Throughout the journey, whichever city I passed through I went and knocked on doors looking for a job. My first job in Australia was toilet cleaning and it is an honourable job. I was brought up to understand and believe that work is an honour, a view shared by many people.

In the end I arrived in Sydney and I was absolutely disorganised. I did not have any help, I had to fend for myself. To become a doctor in Australia I had to go through the formal registration process to get recognised as a medical practitioner.

My first job as a doctor was in Mildura, Victoria. I have a lot of friends from the detention centre who are also doctors and a lot of them are now rural doctors, serving their communities.

“I have a lot of friends from the detention centre who are also doctors and a lot of them are now rural doctors.”

But I came from a war-torn region where people regularly lost limbs.
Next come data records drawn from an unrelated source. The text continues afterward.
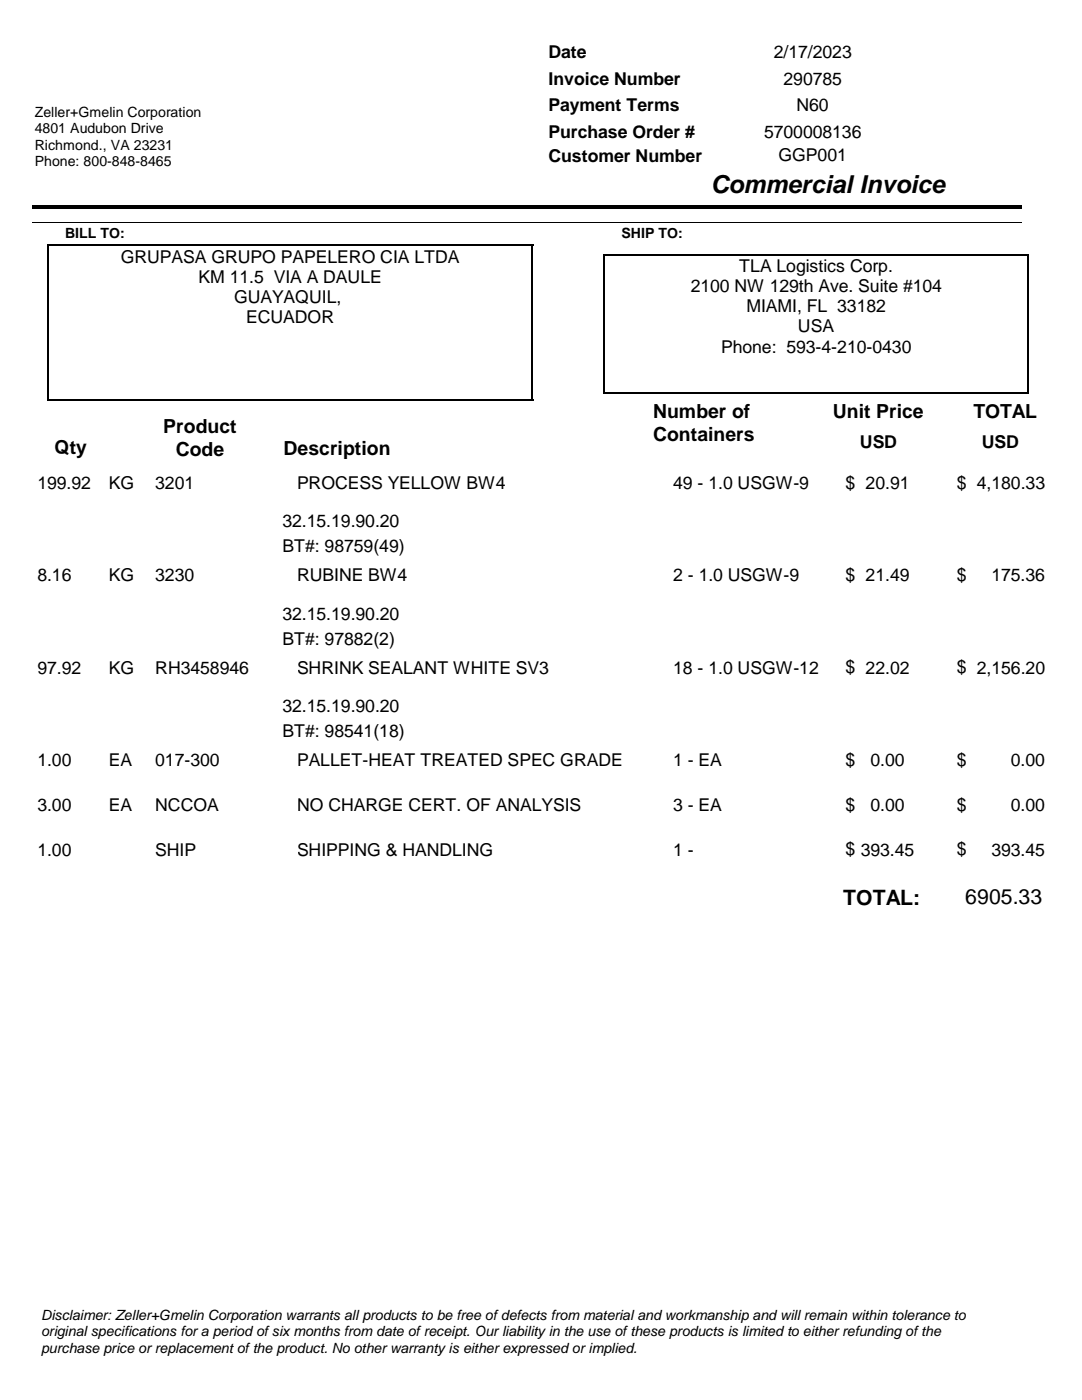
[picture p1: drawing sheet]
<svg xmlns="http://www.w3.org/2000/svg" width="216mm" height="279mm" viewBox="0 0 216 279" stroke-linecap="round" stroke-linejoin="round" font-family="sans-serif">
<defs><g id="words">
<text font-size="4.9" x="141.8" y="38.6">Commercial Invoice</text>
<g font-size="4.2">
<text x="168.3" y="180.6">TOTAL:</text>
<text x="192.7" y="180.4">6905.33</text>
</g>
<g font-size="3.9">
<text x="130.4" y="83.4">Number of</text>
<text x="166.2" y="83.4">Unit Price</text>
<text x="194.3" y="83.4">TOTAL</text>
<text x="32.6" y="86.4">Product</text>
<text x="130.4" y="88.1">Containers</text>
<text x="10.9" y="90.6">Qty</text>
<text x="35.1" y="91">Code</text>
<text x="56.6" y="90.7">Description</text>
</g>
<g font-size="3.5">
<text x="109.5" y="11.6">Date</text>
<text x="154.4" y="11.6">2/17/2023</text>
<text x="109.5" y="16.9">Invoice Number</text>
<text x="156.4" y="16.9">290785</text>
<text x="109.5" y="22.2">Payment Terms</text>
<text x="159" y="22.2">N60</text>
<text x="109.5" y="27.5">Purchase Order #</text>
<text x="152.5" y="27.5">5700008136</text>
<text x="109.5" y="32.3">Customer Number</text>
<text x="155.4" y="32.2">GGP001</text>
<text x="24.1" y="52.4">GRUPASA GRUPO PAPELERO CIA LTDA</text>
<text x="39.6" y="56.4">KM 11.5 VIA A DAULE</text>
<text x="137.8" y="58.3">2100 NW 129th Ave. Suite #104</text>
<text x="147.5" y="54.3">TLA Logistics Corp.</text>
<text x="46.7" y="60.5">GUAYAQUIL,</text>
<text x="49.1" y="64.5">ECUADOR</text>
<text x="149" y="62.3">MIAMI, FL 33182</text>
<text x="143.9" y="70.4">Phone: 593-4-210-0430</text>
<text x="159.3" y="66.3">USA</text>
<text x="171.6" y="89.5">USD</text>
<text x="196" y="89.5">USD</text>
<text x="7.5" y="97.6">199.92</text>
<text x="21.7" y="97.6">KG</text>
<text x="31" y="97.6">3201</text>
<text x="59.3" y="97.6">PROCESS YELLOW BW4</text>
<text x="134.4" y="97.6">49 - 1.0 USGW-9</text>
<text x="168.8" y="97.6">$</text>
<text x="172.8" y="97.6">20.91</text>
<text x="191" y="97.6">$</text>
<text x="195" y="97.6">4,180.33</text>
<text x="56.4" y="105.2">32.15.19.90.20</text>
<text x="56.4" y="110.2">BT#: 98759(49)</text>
<text x="7.5" y="116">8.16</text>
<text x="21.7" y="116">KG</text>
<text x="31" y="116">3230</text>
<text x="59.3" y="116">RUBINE BW4</text>
<text x="134.4" y="116">2 - 1.0 USGW-9</text>
<text x="168.8" y="116">$</text>
<text x="172.8" y="116">21.49</text>
<text x="191" y="116">$</text>
<text x="197.9" y="116">175.36</text>
<text x="56.4" y="123.7">32.15.19.90.20</text>
<text x="56.4" y="128.7">BT#: 97882(2)</text>
<text x="7.5" y="134.4">97.92</text>
<text x="21.7" y="134.4">KG</text>
<text x="31" y="134.4">RH3458946</text>
<text x="59.3" y="134.4">SHRINK SEALANT WHITE SV3</text>
<text x="134.4" y="134.4">18 - 1.0 USGW-12</text>
<text x="168.8" y="134.4">$</text>
<text x="172.8" y="134.4">22.02</text>
<text x="191" y="134.4">$</text>
<text x="195" y="134.4">2,156.20</text>
<text x="56.4" y="142.1">32.15.19.90.20</text>
<text x="56.4" y="147.1">BT#: 98541(18)</text>
<text x="7.5" y="152.9">1.00</text>
<text x="21.7" y="152.9">EA</text>
<text x="31" y="152.9">017-300</text>
<text x="59.3" y="152.9">PALLET-HEAT TREATED SPEC GRADE</text>
<text x="134.4" y="152.9">1 - EA</text>
<text x="168.8" y="152.8">$</text>
<text x="173.7" y="152.9">0.00</text>
<text x="191" y="152.8">$</text>
<text x="201.7" y="152.9">0.00</text>
<text x="7.5" y="161.8">3.00</text>
<text x="21.7" y="161.8">EA</text>
<text x="31" y="161.8">NCCOA</text>
<text x="59.3" y="161.8">NO CHARGE CERT. OF ANALYSIS</text>
<text x="134.4" y="161.8">3 - EA</text>
<text x="168.8" y="161.8">$</text>
<text x="173.7" y="161.8">0.00</text>
<text x="191" y="161.8">$</text>
<text x="201.7" y="161.8">0.00</text>
<text x="7.5" y="170.8">1.00</text>
<text x="31" y="170.8">SHIP</text>
<text x="59.3" y="170.8">SHIPPING &amp; HANDLING</text>
<text x="134.4" y="170.8">1 -</text>
<text x="168.8" y="170.7">$</text>
<text x="171.8" y="170.8">393.45</text>
<text x="191" y="170.7">$</text>
<text x="197.9" y="170.8">393.45</text>
</g>
<g font-size="2.8">
<text x="6.9" y="23.4">Zeller+Gmelin Corporation</text>
<text x="6.9" y="26.6">4801 Audubon Drive</text>
<text x="6.9" y="29.9">Richmond., VA 23231</text>
<text x="6.9" y="33.2">Phone: 800-848-8465</text>
<text x="13" y="47.5">BILL TO:</text>
<text x="124" y="47.5">SHIP TO:</text>
<text x="8.2" y="263.4">Disclaimer: Zeller+Gmelin Corporation warrants all products to be free of defects from material and workmanship and will remain within tolerance to</text>
<text x="8.2" y="266.7">original specifications for a period of six months from date of receipt. Our liability in the use of these products is limited to either refunding of the</text>
<text x="8.2" y="270">purchase price or replacement of the product. No other warranty is either expressed or implied.</text>
</g>
</g></defs>
<path d="M120.4 50.8h84.9M205.2 50.6v27.9" fill="none" stroke="#000" stroke-width=".35"/>
<path d="M9.3 49h97.1M9.5 48.8v31.3M106.3 48.8v31.3M120.6 50.6v27.9M9.3 79.9h97.1M120.4 78.3h84.9" fill="none" stroke="#000" stroke-width=".36"/>
<path d="M6.3 40.9h197.5v.7h-197.5z" fill-rule="evenodd" fill="#000"/>
<path d="M6.3 44.5h197.5" fill="none" stroke="#000" stroke-width=".2"/>
<g fill="#fff">
<path d="M6.3 6.4h72v14.5h-72z" fill-rule="evenodd"/>
<path d="M6.3 6.4h72v14.5h-72z" fill-rule="evenodd"/>
<path d="M169.2 94h15.8v3.9h-15.8z" fill-rule="evenodd"/>
<path d="M30.7 94h28.7v3.9h-28.7z" fill-rule="evenodd"/>
<path d="M168.1 94h3.2v6.3h-3.2z" fill-rule="evenodd"/>
<path d="M190.3 94h3.2v6.3h-3.2z" fill-rule="evenodd"/>
<path d="M169.2 112.4h15.8v3.9h-15.8z" fill-rule="evenodd"/>
<path d="M30.7 112.4h28.7v3.9h-28.7z" fill-rule="evenodd"/>
<path d="M168.1 112.4h3.2v6.3h-3.2z" fill-rule="evenodd"/>
<path d="M190.3 112.4h3.2v6.3h-3.2z" fill-rule="evenodd"/>
<path d="M169.2 130.8h15.8v3.9h-15.8z" fill-rule="evenodd"/>
<path d="M30.7 130.8h28.7v3.9h-28.7z" fill-rule="evenodd"/>
<path d="M168.1 130.8h3.2v6.4h-3.2z" fill-rule="evenodd"/>
<path d="M190.3 130.8h3.2v6.4h-3.2z" fill-rule="evenodd"/>
<path d="M169.2 149.3h15.8v3.9h-15.8z" fill-rule="evenodd"/>
<path d="M30.7 149.3h28.7v3.9h-28.7z" fill-rule="evenodd"/>
<path d="M168.1 149.2h3.2v6.4h-3.2z" fill-rule="evenodd"/>
<path d="M190.3 149.2h3.2v6.4h-3.2z" fill-rule="evenodd"/>
<path d="M169.2 158.2h15.8v3.9h-15.8z" fill-rule="evenodd"/>
<path d="M30.7 158.2h28.7v3.9h-28.7z" fill-rule="evenodd"/>
<path d="M168.1 158.2h3.2v6.3h-3.2z" fill-rule="evenodd"/>
<path d="M190.3 158.2h3.2v6.3h-3.2z" fill-rule="evenodd"/>
<path d="M169.2 167.2h15.8v3.9h-15.8z" fill-rule="evenodd"/>
<path d="M30.7 167.2h28.7v3.9h-28.7z" fill-rule="evenodd"/>
<path d="M168.1 167.1h3.2v6.4h-3.2z" fill-rule="evenodd"/>
<path d="M190.3 167.1h3.2v6.4h-3.2z" fill-rule="evenodd"/>
</g>
<use href="#words"/>
</svg>

For some people this is worse than dying, because it fundamentally changes their lives; there is a fear of being dependent on others, not being able to work and provide for yourself.

So today I am a pioneering orthopaedic surgeon, helping people who have lost their legs to walk again. When Prince Harry visited Australia he asked to meet me because I operated on one of his best friends who had surgery to both legs after serving in Afghanistan. He came to the hospital I work at and visited patients with me. It was a great recognition.

Rebuilding a life

Australia opens its arms to people because the majority of Australians are good people.

Programs like community sponsorship, where individuals and communities can contribute towards a refugee’s placement in a new country, are brilliant. I would be more than happy to sponsor a refugee if the government allows it.

Canada already has a very good sponsorship program for refugees. It has had great success because the community embraces these people. Unfortunately what the Australian Government is doing now for refugees is not the right thing.

Right now, the government places refugees in congested, low socio-economic areas in Sydney and Melbourne, and that is not a solution. Instead we should place people where they can prosper, integrate into the community and have a positive impact. Armidale and Shepparton have thrived in using this system.

If Australia copied Canada’s program it would help get people away from the terrifying conditions they are living in.

Refugees here should be seen as a benefit too, like they are in Canada.